● **Input data**
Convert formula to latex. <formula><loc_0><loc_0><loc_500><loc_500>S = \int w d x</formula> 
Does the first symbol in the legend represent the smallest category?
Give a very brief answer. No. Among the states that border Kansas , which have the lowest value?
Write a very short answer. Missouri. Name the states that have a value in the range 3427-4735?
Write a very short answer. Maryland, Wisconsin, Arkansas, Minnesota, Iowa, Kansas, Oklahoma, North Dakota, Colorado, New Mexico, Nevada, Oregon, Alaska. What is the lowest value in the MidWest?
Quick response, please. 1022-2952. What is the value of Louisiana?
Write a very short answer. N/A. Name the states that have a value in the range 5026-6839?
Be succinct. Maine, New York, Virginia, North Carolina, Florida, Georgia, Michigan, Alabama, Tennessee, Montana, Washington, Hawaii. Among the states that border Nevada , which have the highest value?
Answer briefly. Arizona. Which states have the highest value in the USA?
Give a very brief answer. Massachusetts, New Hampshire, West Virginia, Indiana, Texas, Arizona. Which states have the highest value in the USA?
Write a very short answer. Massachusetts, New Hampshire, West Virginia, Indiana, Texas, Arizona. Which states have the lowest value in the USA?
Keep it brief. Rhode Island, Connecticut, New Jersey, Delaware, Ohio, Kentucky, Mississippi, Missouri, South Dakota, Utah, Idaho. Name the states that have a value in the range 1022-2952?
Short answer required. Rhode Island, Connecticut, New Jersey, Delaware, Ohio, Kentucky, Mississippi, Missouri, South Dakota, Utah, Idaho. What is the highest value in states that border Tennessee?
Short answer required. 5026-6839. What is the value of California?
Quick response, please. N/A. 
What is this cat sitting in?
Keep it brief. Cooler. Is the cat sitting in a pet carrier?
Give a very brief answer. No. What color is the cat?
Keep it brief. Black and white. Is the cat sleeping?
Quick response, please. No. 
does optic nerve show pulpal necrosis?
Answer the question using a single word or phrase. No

● **The task**
Among the records above, extract exactly the lines from the line with "Quick response, please. 1022-2952." to the line with "Give a very brief answer. No. What", both lines included, and leave out the rest.

● **Response to the task**
Quick response, please. 1022-2952. What is the value of Louisiana?
Write a very short answer. N/A. Name the states that have a value in the range 5026-6839?
Be succinct. Maine, New York, Virginia, North Carolina, Florida, Georgia, Michigan, Alabama, Tennessee, Montana, Washington, Hawaii. Among the states that border Nevada , which have the highest value?
Answer briefly. Arizona. Which states have the highest value in the USA?
Give a very brief answer. Massachusetts, New Hampshire, West Virginia, Indiana, Texas, Arizona. Which states have the highest value in the USA?
Write a very short answer. Massachusetts, New Hampshire, West Virginia, Indiana, Texas, Arizona. Which states have the lowest value in the USA?
Keep it brief. Rhode Island, Connecticut, New Jersey, Delaware, Ohio, Kentucky, Mississippi, Missouri, South Dakota, Utah, Idaho. Name the states that have a value in the range 1022-2952?
Short answer required. Rhode Island, Connecticut, New Jersey, Delaware, Ohio, Kentucky, Mississippi, Missouri, South Dakota, Utah, Idaho. What is the highest value in states that border Tennessee?
Short answer required. 5026-6839. What is the value of California?
Quick response, please. N/A. 
What is this cat sitting in?
Keep it brief. Cooler. Is the cat sitting in a pet carrier?
Give a very brief answer. No. What color is the cat?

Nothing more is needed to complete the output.